DOM QUIXOTE DE LA MANCHA E OS BRASILEIROS



 Vera Chvatal


O que tem de comum entre Dom Quixote de La Mancha e os brasileiros? Dom Quixote, o “cavaleiro da triste figura”  foi - na imortal obra de Cervantes - um romântico e sonhador fidalgo que acreditava ter que sair pelo mundo acompanhado de seu fiel escudeiro Sancho Pança e do esquálido cavalo Rocinante, lutando contra monstros imaginários, invisíveis e salvando donzelas desamparadas, em perigo.

Nós brasileiros temos um pouco desse personagem fictício. Os monstros com os quais temos que lutar são, de certa forma, também invisíveis, mas não imaginários. Enquanto os monstros de Dom Quixote eram moinhos que, com suas pás girando ao vento, transformavam-se em criaturas maléficas e perigosas na torturada imaginação do fidalgo, os nossos monstros com seus  pomposos nomes de “corrupção”, “impunidade” e “omissão” também possuem tentáculos invisíveis e perigosíssimos que atacam o desenvolvimento saudável do país e impedem o bem-estar de sua população.

Um crítico da obra de Cervantes disse que ela foi estruturada em duas partes, deixando na primeira parte a sensaçåo de liberdade máxima, enquanto que na segunda parte a sensação é de asfixia e de encerramento em estreitos limites. Na primeira parte reina a ironia,  como uma amarga expressão da impossibilidade de dar realidade a um ideal. E na segunda parte, o que se percebe é muito mais a confrontação do reino da imaginação com o mundo da realidade.

Segundo Cervantes, sua obra representa “a ordem desdordenada”, permitindo-lhe dar relevo aos contrastes através da deslocação do patético para o burlesco. Dessa forma o conflito nasce do confronto entre o passado e o presente, o ideal e o real, e o ideal e o social...

Pois não é esse o atual retrato da realidade política do nosso país? Todos os dias lendo os jornais, acessando a internet ou assistindo à TV o que vemos é uma sucessão burlesca de corrupção e corrúptos degladiando-se para escapar impunes de suas responsabilidades, omitindo-se em enfrentar a realidade do que seus atos obscuros, egoístas e ganaciosos provocam no pais e na população que os elegeu para representá-los.

Campinas é um retrato vivo disso! O que se vê são impostos altíssimos sendo cobrados da população em contrapartida às ruas esburacadas com asfalto mal-feito, calçadas inexistentes e perigosas para se caminhar, praças abandonadas e cobertas de mato, níveis de violência altíssimos, segurança zero, cultura inexistente... e por aí vai!

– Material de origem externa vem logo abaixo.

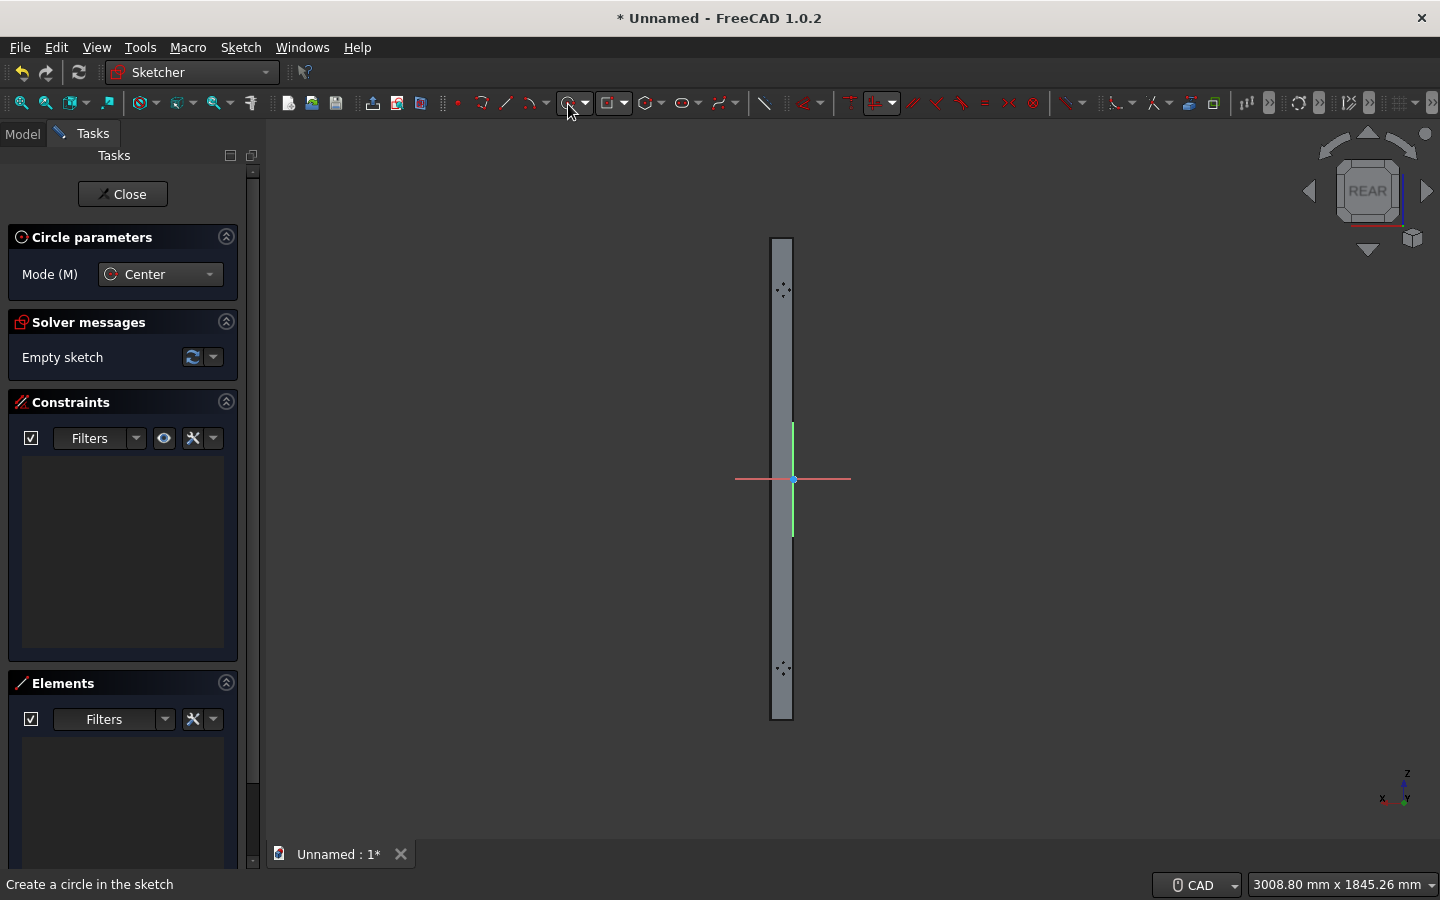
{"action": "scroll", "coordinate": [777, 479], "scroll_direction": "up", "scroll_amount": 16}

No passado já fomos uma cidade considerada aprazível para se viver, com boa qualidade de vida... atualmente registramos um dos mais altos índices de roubos e violência urbana. Já fomos uma cidade onde o ideal era a preservação do verde, onde a água que bebíamos era das melhores do país... hoje o próprio orgão responsável pelo cuidado com a água se vê enlameado pela corrupção daqueles que o administram! Campinas já teve uma rica vida cultural. Ostentou um dos mais belos teatros, o Teatro Municipal Carlos Gomes onde o próprio homenageado se apresentou e que acabou sendo demolido – estúpidamente – pelos mandatários da ocasião. E o que temos agora? Cinemas que viraram teatros e que acabaram fechados ou em ruínas pelo abandono do poder público. E os que ainda funcionam deixam muito a desejar em matéria de conforto e utilização cultural.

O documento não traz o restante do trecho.